Return every line of the listing that includes the string "Give".

Source data Start Marker

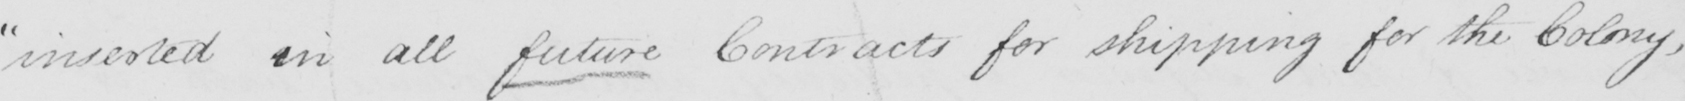What does this handwritten line say? " inserted in all future Contracts for shipping for the Colony , 
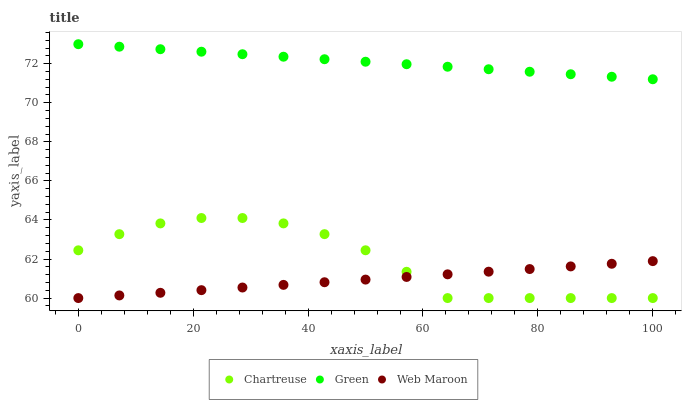Does Web Maroon have the minimum area under the curve?
Answer yes or no. Yes. Does Green have the maximum area under the curve?
Answer yes or no. Yes. Does Chartreuse have the minimum area under the curve?
Answer yes or no. No. Does Chartreuse have the maximum area under the curve?
Answer yes or no. No. Is Web Maroon the smoothest?
Answer yes or no. Yes. Is Chartreuse the roughest?
Answer yes or no. Yes. Is Green the smoothest?
Answer yes or no. No. Is Green the roughest?
Answer yes or no. No. Does Web Maroon have the lowest value?
Answer yes or no. Yes. Does Green have the lowest value?
Answer yes or no. No. Does Green have the highest value?
Answer yes or no. Yes. Does Chartreuse have the highest value?
Answer yes or no. No. Is Chartreuse less than Green?
Answer yes or no. Yes. Is Green greater than Chartreuse?
Answer yes or no. Yes. Does Web Maroon intersect Chartreuse?
Answer yes or no. Yes. Is Web Maroon less than Chartreuse?
Answer yes or no. No. Is Web Maroon greater than Chartreuse?
Answer yes or no. No. Does Chartreuse intersect Green?
Answer yes or no. No. 
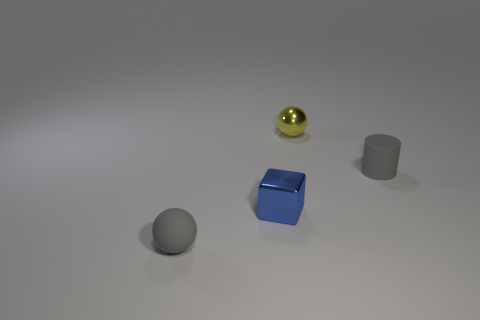The tiny matte object that is the same color as the small matte sphere is what shape?
Keep it short and to the point. Cylinder. There is a yellow thing; what shape is it?
Give a very brief answer. Sphere. Do the small rubber cylinder and the rubber sphere have the same color?
Provide a succinct answer. Yes. What number of objects are small spheres right of the gray matte sphere or big yellow metallic spheres?
Keep it short and to the point. 1. There is a ball that is made of the same material as the small gray cylinder; what is its size?
Keep it short and to the point. Small. Is the number of matte things on the left side of the yellow metallic thing greater than the number of big red metallic spheres?
Offer a very short reply. Yes. Is the shape of the yellow object the same as the small rubber thing to the left of the small cube?
Ensure brevity in your answer.  Yes. How many small things are matte spheres or cylinders?
Give a very brief answer. 2. What is the size of the object that is the same color as the cylinder?
Make the answer very short. Small. What is the color of the shiny thing that is behind the tiny gray matte object on the right side of the small blue object?
Your answer should be compact. Yellow. 
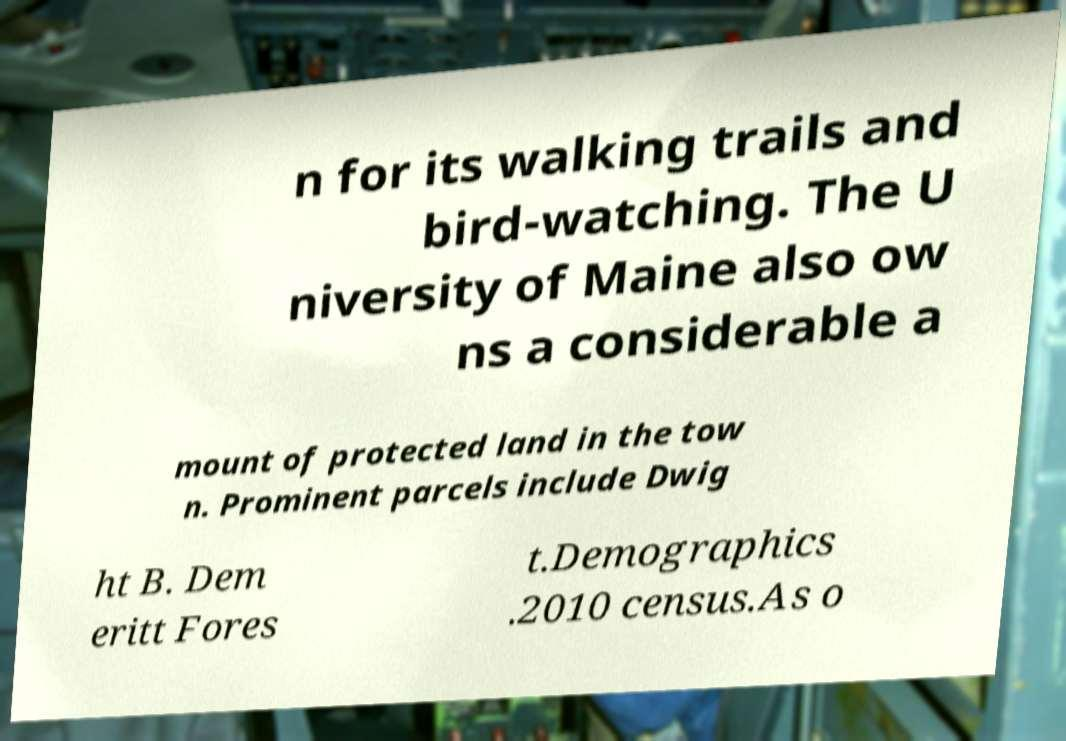Could you assist in decoding the text presented in this image and type it out clearly? n for its walking trails and bird-watching. The U niversity of Maine also ow ns a considerable a mount of protected land in the tow n. Prominent parcels include Dwig ht B. Dem eritt Fores t.Demographics .2010 census.As o 
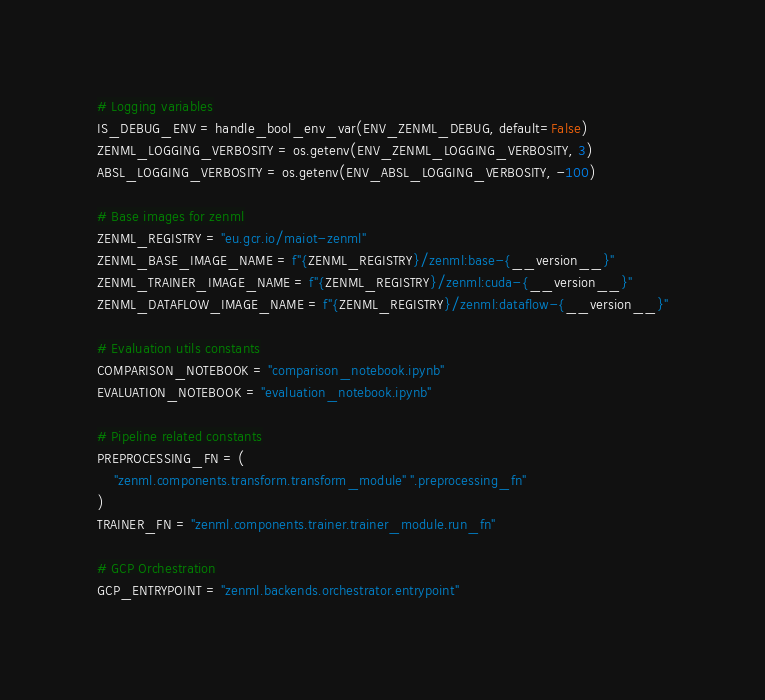Convert code to text. <code><loc_0><loc_0><loc_500><loc_500><_Python_>
# Logging variables
IS_DEBUG_ENV = handle_bool_env_var(ENV_ZENML_DEBUG, default=False)
ZENML_LOGGING_VERBOSITY = os.getenv(ENV_ZENML_LOGGING_VERBOSITY, 3)
ABSL_LOGGING_VERBOSITY = os.getenv(ENV_ABSL_LOGGING_VERBOSITY, -100)

# Base images for zenml
ZENML_REGISTRY = "eu.gcr.io/maiot-zenml"
ZENML_BASE_IMAGE_NAME = f"{ZENML_REGISTRY}/zenml:base-{__version__}"
ZENML_TRAINER_IMAGE_NAME = f"{ZENML_REGISTRY}/zenml:cuda-{__version__}"
ZENML_DATAFLOW_IMAGE_NAME = f"{ZENML_REGISTRY}/zenml:dataflow-{__version__}"

# Evaluation utils constants
COMPARISON_NOTEBOOK = "comparison_notebook.ipynb"
EVALUATION_NOTEBOOK = "evaluation_notebook.ipynb"

# Pipeline related constants
PREPROCESSING_FN = (
    "zenml.components.transform.transform_module" ".preprocessing_fn"
)
TRAINER_FN = "zenml.components.trainer.trainer_module.run_fn"

# GCP Orchestration
GCP_ENTRYPOINT = "zenml.backends.orchestrator.entrypoint"</code> 
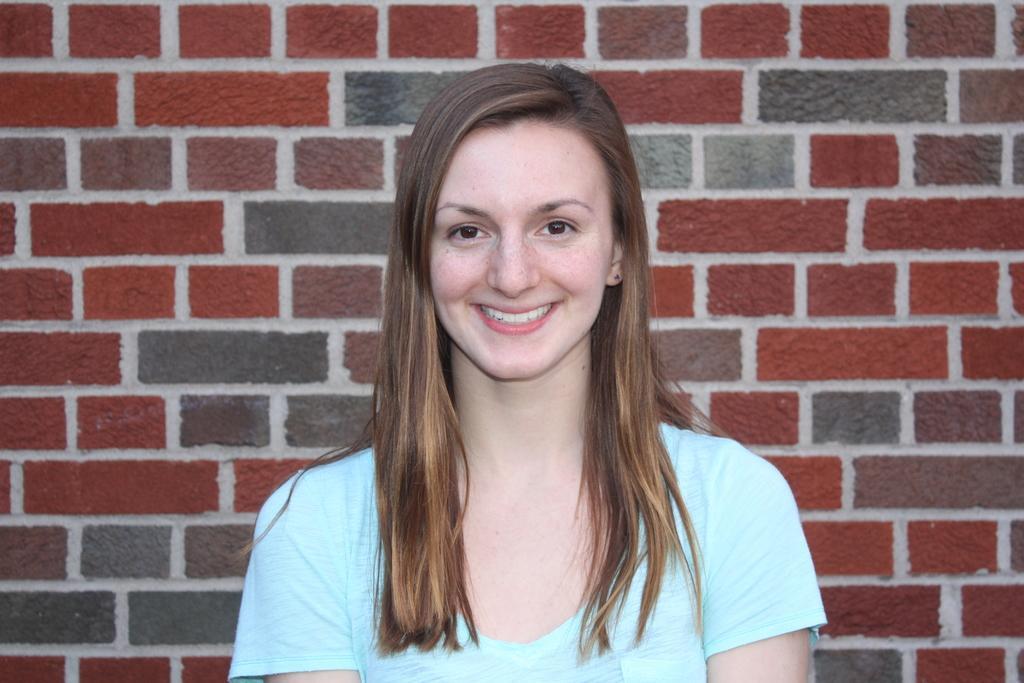Describe this image in one or two sentences. In this image we can see a woman smiling and in the background, we can see the wall. 
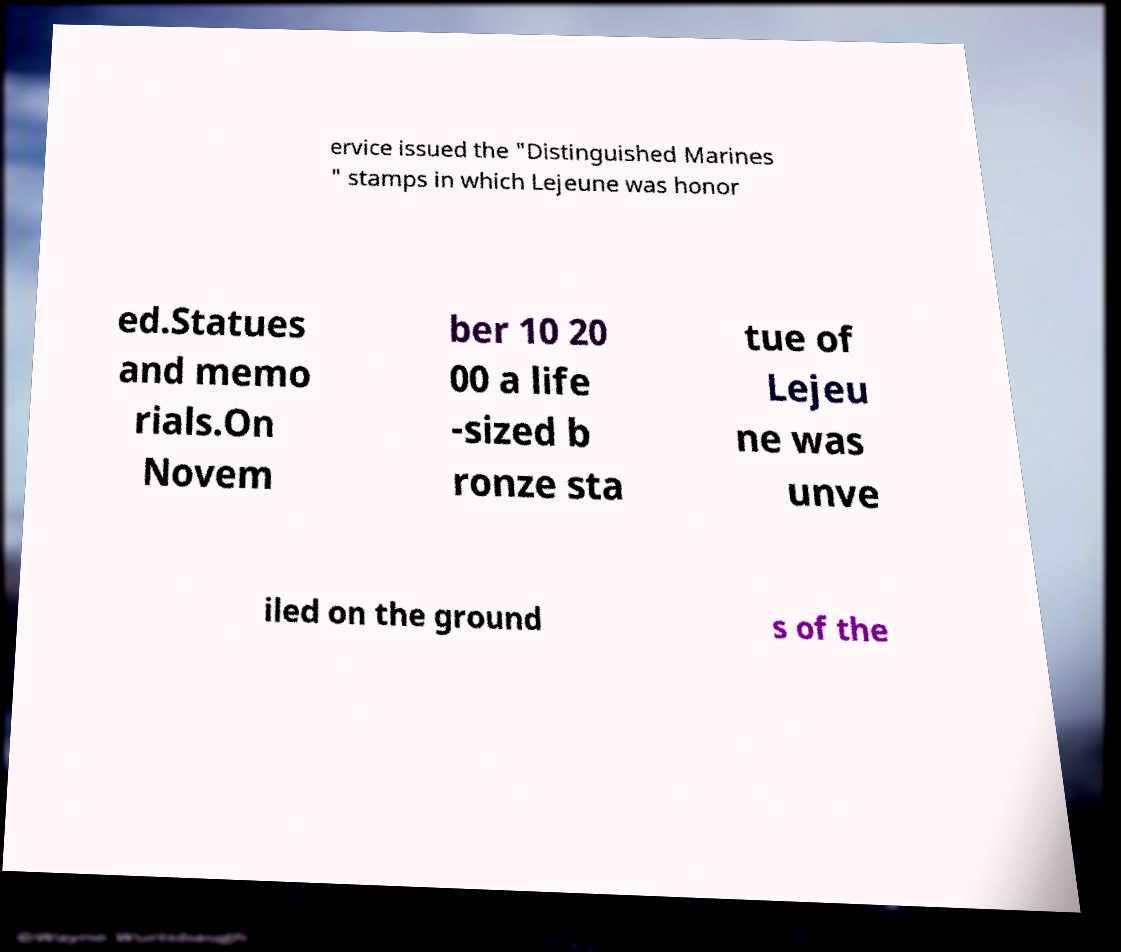Can you accurately transcribe the text from the provided image for me? ervice issued the "Distinguished Marines " stamps in which Lejeune was honor ed.Statues and memo rials.On Novem ber 10 20 00 a life -sized b ronze sta tue of Lejeu ne was unve iled on the ground s of the

Source data End Marker

# Response to this exercise:
Give a very brief answer. Sphere. Do the small rubber cylinder and the rubber sphere have the same color?
Give a very brief answer. 2. What is the size of the object that is the same color as the cylinder?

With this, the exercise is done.